Brightness and contrast analysis quantifies luminance distribution, dynamic range, and local contrast patterns using established photometric measurements.

### 5.2 Luminance Metrics

Grayscale Conversion: - cv2.COLOR_RGB2GRAY (luminance-weighted)

Basic Statistics: - Mean brightness: μ(gray) / 255 - Brightness variance: σ(gray) / 255 - Brightness uniformity: 1 - (σ / μ) - Brightness skewness: E[(x - μ)³] / σ³

Entropy: - Histogram-based information content - H = -Σ(p_i × log₂(p_i))

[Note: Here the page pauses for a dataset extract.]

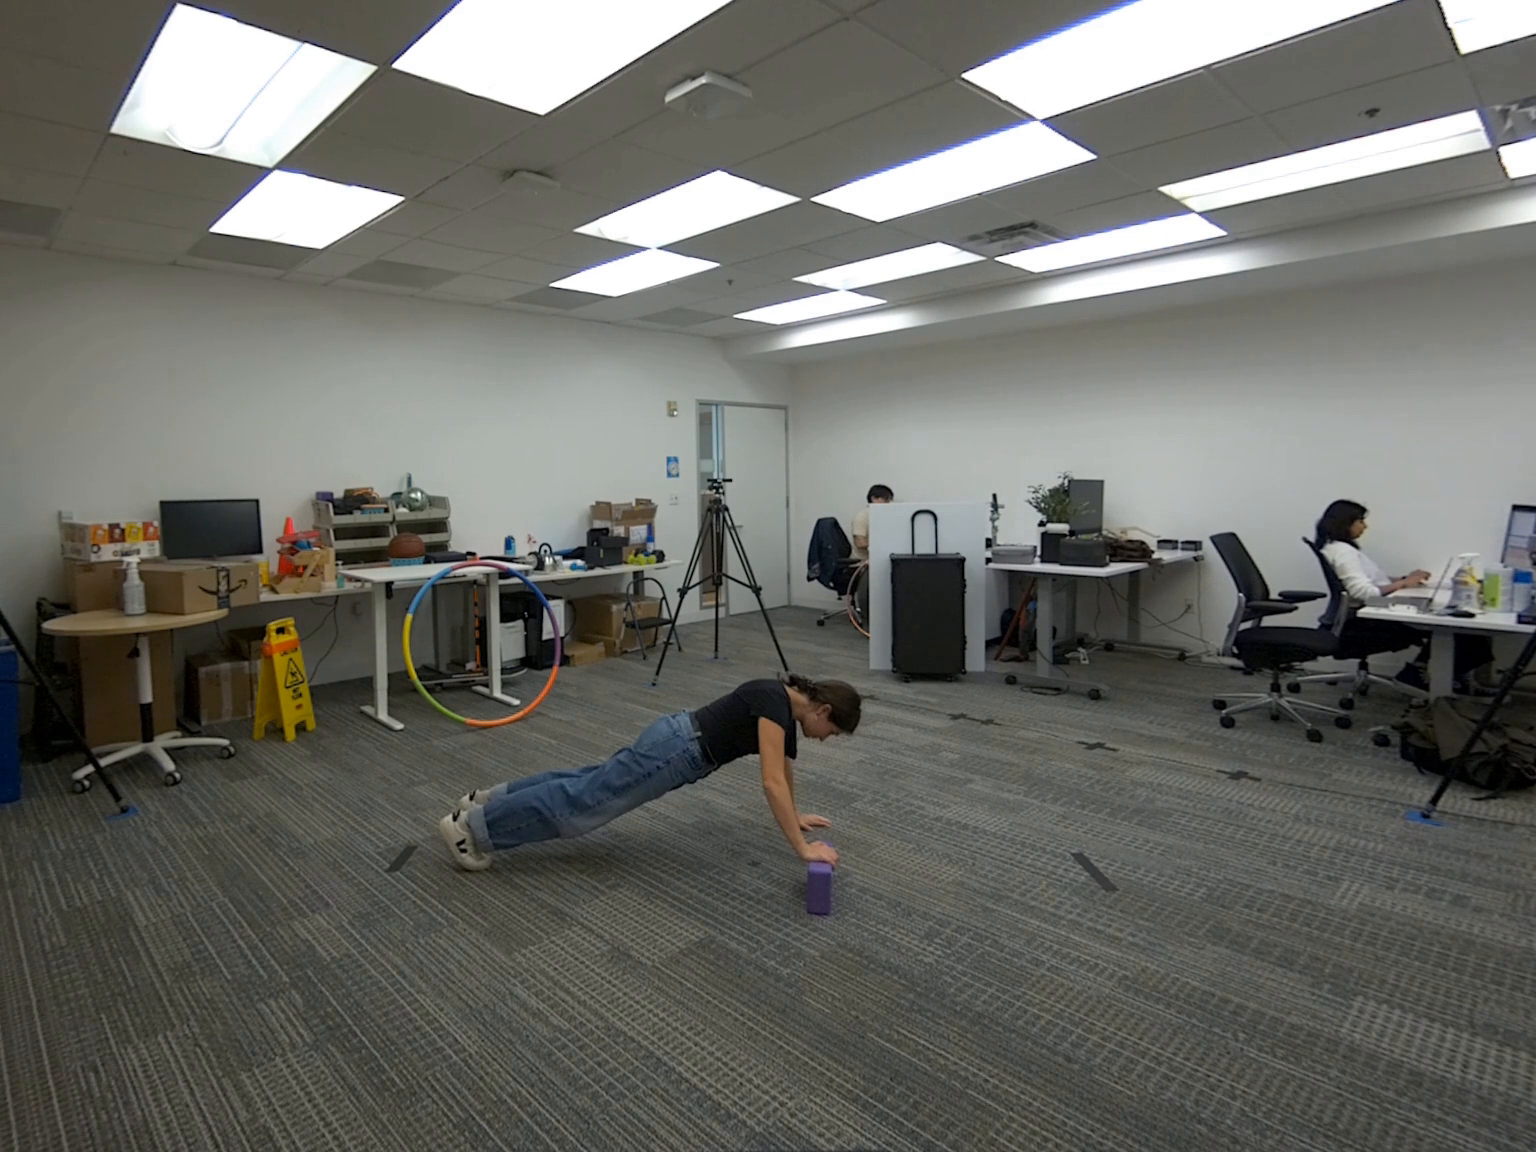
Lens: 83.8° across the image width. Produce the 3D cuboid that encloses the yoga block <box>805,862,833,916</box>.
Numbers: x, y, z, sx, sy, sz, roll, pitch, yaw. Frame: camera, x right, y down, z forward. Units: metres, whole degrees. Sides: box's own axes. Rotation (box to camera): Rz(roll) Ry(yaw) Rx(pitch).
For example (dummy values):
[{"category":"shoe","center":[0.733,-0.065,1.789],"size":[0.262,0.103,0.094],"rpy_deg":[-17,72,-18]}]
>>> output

### 5.3 Contrast Measurements

RMS Contrast: - Root mean square of intensity deviations - C_rms = σ(gray) / 255

Michelson Contrast: - C_m = (I_max - I_min) / (I_max + I_min) - Suitable for periodic patterns

Weber Contrast: - C_w = |I_object - I_background| / I_background - Object: 10th percentile, Background: 90th percentile

Local Contrast: - 7×7 kernel local mean subtraction - Mean and uniformity of local contrast

### 5.4 Dynamic Range Analysis

Basic Range: - (max - min) / 255

Effective Range: - (P95 - P05) / 255 (excludes outliers)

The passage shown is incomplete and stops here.